As for the surfboards around our pool, the dog-chewed soccer balls and the odd abandoned beach towel, may there be many more. They remind me that my kids and our family and friends have had a fun-filled day. That we are all exhausted and have squeezed the last moment out of the day before collapsing, exhausted but content, into our beds.

For the noise we make, whether it be contagious laughter, a fight or a dance party, I hope you will one day/night join us. We laugh because we love, we fight because we love and we dance because we love and we celebrate. May your home be filled with the beautiful sounds and sights of a life well lived.

As for the ignorance in your letter, the toxic words intended to hurt and instil fear, we reject your terrorism. We choose to live beyond ignorance and we are proud of that.  Your letter defines you more than it does us. We hope you will take a good, hard look in the mirror and choose to be kind, to love and to respect. To understand that terrorism never wins. And although you think your letter and your opinion of us matters, you need to know that it doesn’t. Your opinion of us in no way changes who we are and in no way impacts us. In fact, you’ve given us a beautiful opportunity to look once again at life and teach our children how not to behave. Your letter has reminded us that we need to stand up, to use our voice and to speak for others who suffer from the words, hands and actions of ignorant people.

So, thank you for showing us that right at our back door, in our neighbourhood, there is so much work to be done. That we need to do better. That we as the human race (because there is only one race) need to live stronger. Thank you for giving our family the opportunity to grow and for motivating us to be an even brighter light in our community.

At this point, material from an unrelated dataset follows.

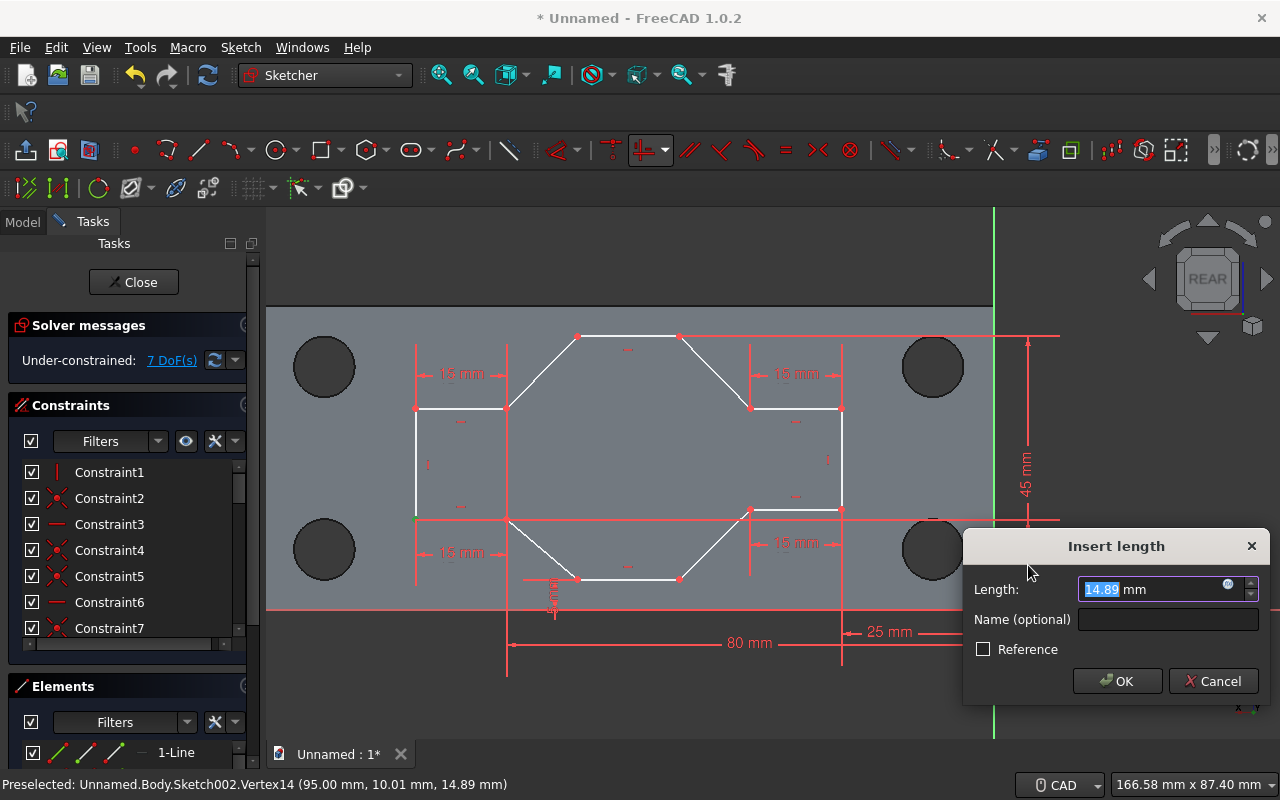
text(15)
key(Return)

You hoped your letter would devastate and distract us. For my 10-year-old daughter, it momentarily did, but she has been raised in a family where love prevails. So your words fall on dead ground. They take no root and they will go only to the place they belong – the garbage.

The truth about our family is that we are kind. We are compassionate. We do our best to speak life everywhere we go. We choose, even in this situation, to love you, but we expose this event because when the truth is out, you can walk through anything. I believe that you do not speak on behalf of our entire community in North Avoca. In fact, I believe that when the whole community learns of what you are endeavouring to do and spread, you will see the community come together. There will be a loud voice that lets you know that Neighbourhood Terrorism will not survive in our lovely community. May I suggest, that when walking by our lovely home, please feel free to wave, stop for a chat or, if you want to, look the other way. Either way, we are fine.

A quote by J.M Barry is one we should all remember: “Be kinder than necessary because everyone you meet is fighting some kind of battle.”

Below is the letter that was sent to us anonymously through the postal service and a beautiful reply written by our 17-year-old daughter.

To The Animals that live at no ** Surf Rider Ave.

 The locals of North Avoca are disgusted that you can live in this once beautiful house and live in it like housing commission.

 We drive and walk past every day and are so ashamed of how you have let this property go, (are you not embarrassed.) 

We all watched on as this house was transformed for many years into a unique home, and the hard work that was put into it, and within a month you put your dirty mark on it and this is how our neighbourhood watches you live.

You obviously have absolutely no pride in your house, your gardens, (OR YOURSELVES) so why don’t you get some help.

Or better still move to housing commission as that is where you filthy lazy animals belong.

We all hope you can start to pick up the newspapers and stop leaving shit everywhere, you do not deserve to live there or in our lovely community, where everyone is talking about the lazy dirty people in Surf Rider.

Would hate to think what that pool and inside looks like, maybe we should all pray for you.

THE MOST FILTHY DISGUSTING LAZY ANIMALS. PICK UP YOUR ACT OR MOVE TO MOUNT DRUITT.

And the reply written by our eldest daughter:

To the residents of North Avoca,

 I am very sorry if this matter does not involve you, but this letter is intended for the group of individuals or the sole person responsible for the rude, abusive, anonymous letter delivered to my home. 

Seeing as you were too much of a coward to identify yourself, I am afraid that the whole neighbourhood needs to become aware of the situation at hand. Your letter would have been deemed inappropriate regardless of the circumstances. However, it is even more so seeing as the content of your letter was discovered by my 10-year-old sister who is now very distressed.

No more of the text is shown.